Emma Hardy, MP for West Hull and Hessle, new Shadow Minister for Further Education & Higher Education, is raising the issue in the House of Commons on Thursday.

Northerners are 30 per cent more likely to have their limb amputated than southerners, statistics suggest.

In London the major amputation rate is 11 per cent below the national average, but 21 per cent above in the North West.

Vascular-related disease is the leading cause of death and limb loss in the UK. Fatty deposits build up in arteries and interrupt the flow of blood around the body causing heart attacks, strokes and dementia - as well as being the cause for many amputations on legs and feet.

Ms Hardy cited the situation in Hull where there has recently been a 22 per cent increase in major amputations procedures - mainly below-knee- or above-knee - along with a 26 per cent increase in minor amputations.

Patients in Hull with an ulcer were 75 per cent more likely to have a major amputation than the England average.

She is calling for more investment in services locally along with academic vascular surgeon Dan Carradice, who wants a new unit built at Castle Hill Hospital in nearby Cottingham to cope with the rise in demand.

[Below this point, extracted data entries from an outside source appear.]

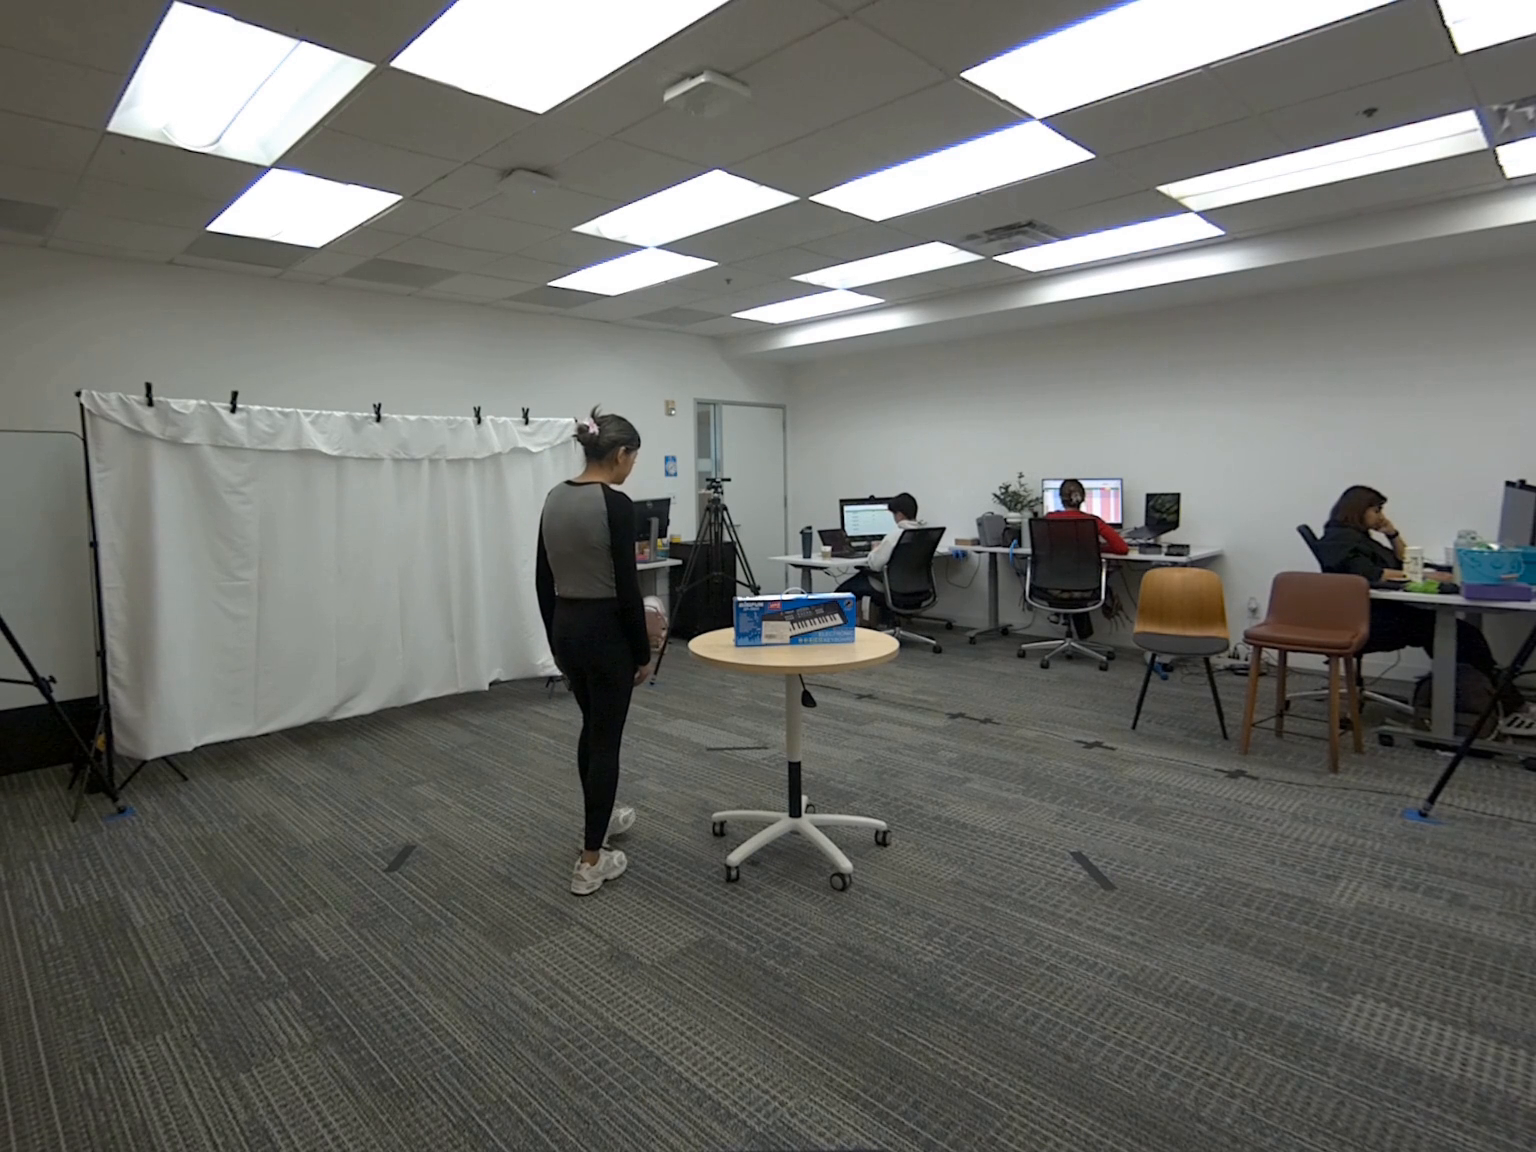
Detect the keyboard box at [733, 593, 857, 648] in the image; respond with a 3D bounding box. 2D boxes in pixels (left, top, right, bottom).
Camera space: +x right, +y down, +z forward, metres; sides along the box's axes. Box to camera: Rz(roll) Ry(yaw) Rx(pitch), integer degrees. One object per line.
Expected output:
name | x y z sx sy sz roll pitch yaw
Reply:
keyboard box | 0.095 0.158 3.098 0.435 0.175 0.060 -2 8 -4
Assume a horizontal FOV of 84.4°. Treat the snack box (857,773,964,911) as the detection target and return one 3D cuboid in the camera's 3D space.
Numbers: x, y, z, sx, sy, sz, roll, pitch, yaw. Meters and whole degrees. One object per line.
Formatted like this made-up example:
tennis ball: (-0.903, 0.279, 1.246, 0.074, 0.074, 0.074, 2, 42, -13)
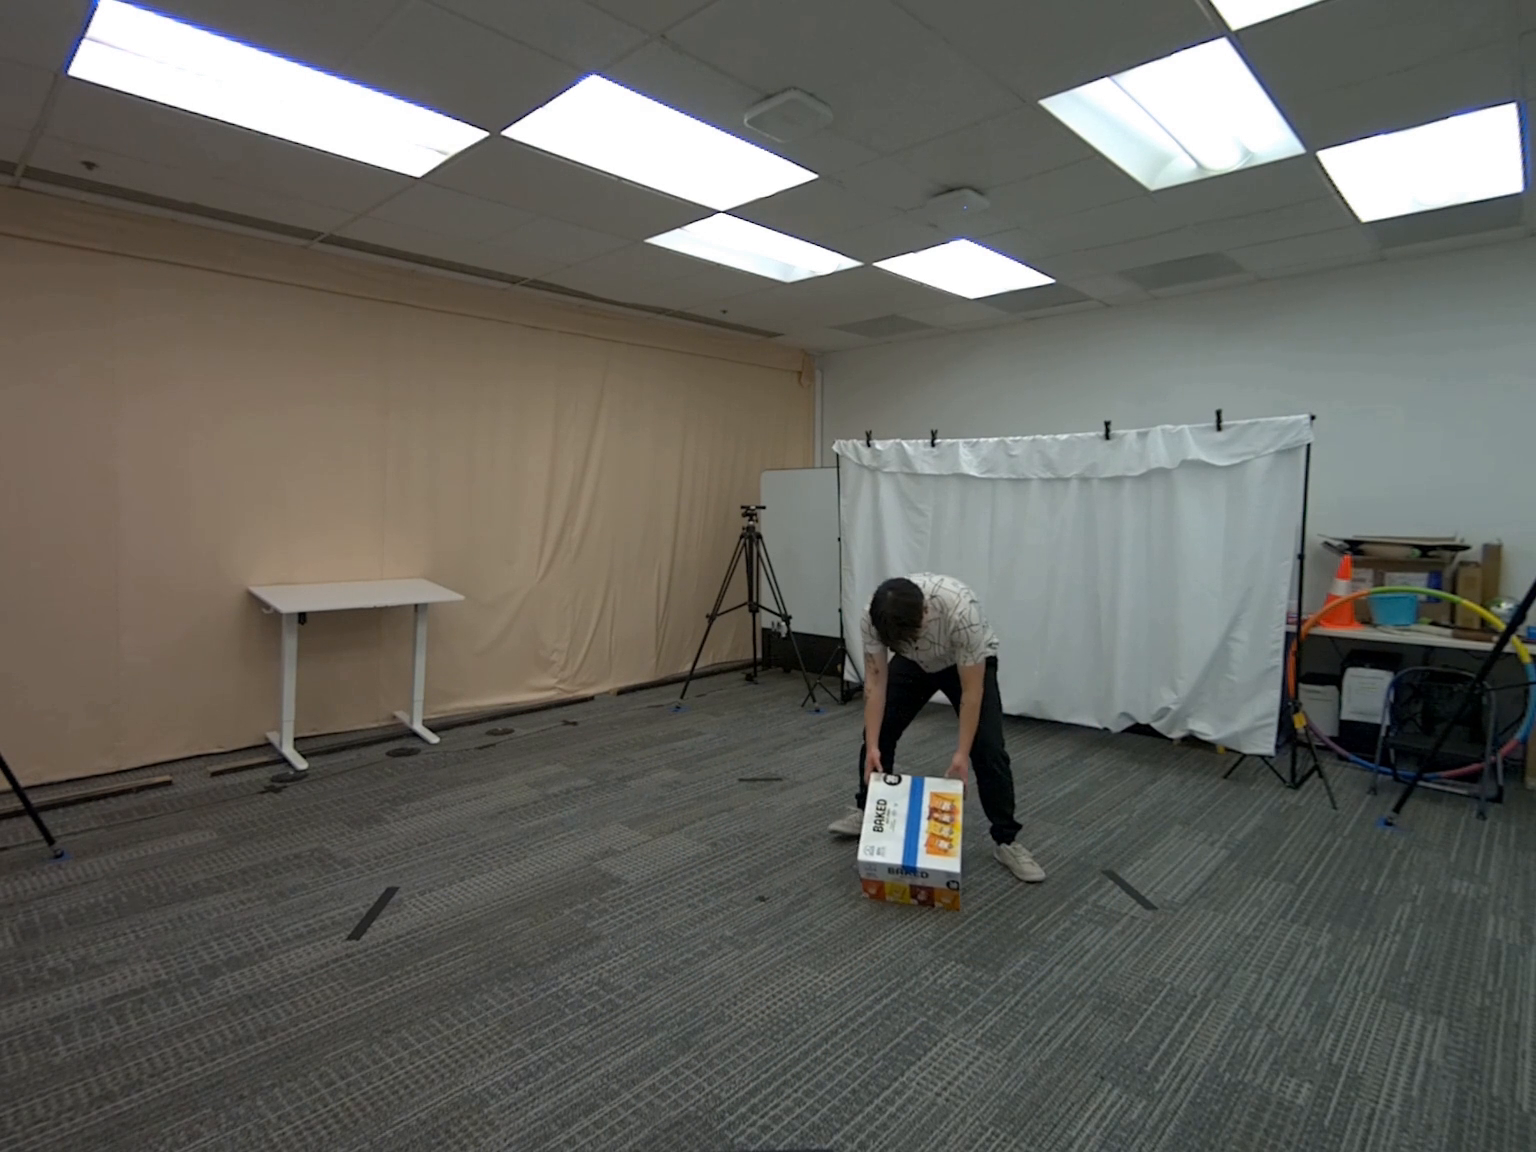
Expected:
snack box: (0.529, 0.947, 3.047, 0.347, 0.201, 0.407, 1, 35, 16)

Mr Carradice said the rapidly increasing volume and complexity of patients with vascular disease - linked to an aging population, and the epidemics of diabetes and obesity - had outstripped limited resources.

He said: "Investment in vascular services has not been able to keep pace with this silent, growing crisis and I fear that patient outcomes will continue to deteriorate despite the tremendous efforts made by all my colleagues.

"There is an urgent need for the Government to review and increase their commitment and investment in vascular services nationally with hopes of addressing regional disparities in investment and health outcomes.”

Mr Carradice said there was a lack of room to expand at Hull Royal Infirmary.

He said: "A purpose-built Vascular Unit at the Castle Hill Hospital would allow the vascular service to grow and meet the needs of the people of Hull.

"Such a development would open the doors to address many other shortfalls, including workforce deficits and availability of specialised, live-saving equipment.

"More details on this proposal, including costings for this development will be available in the coming weeks.”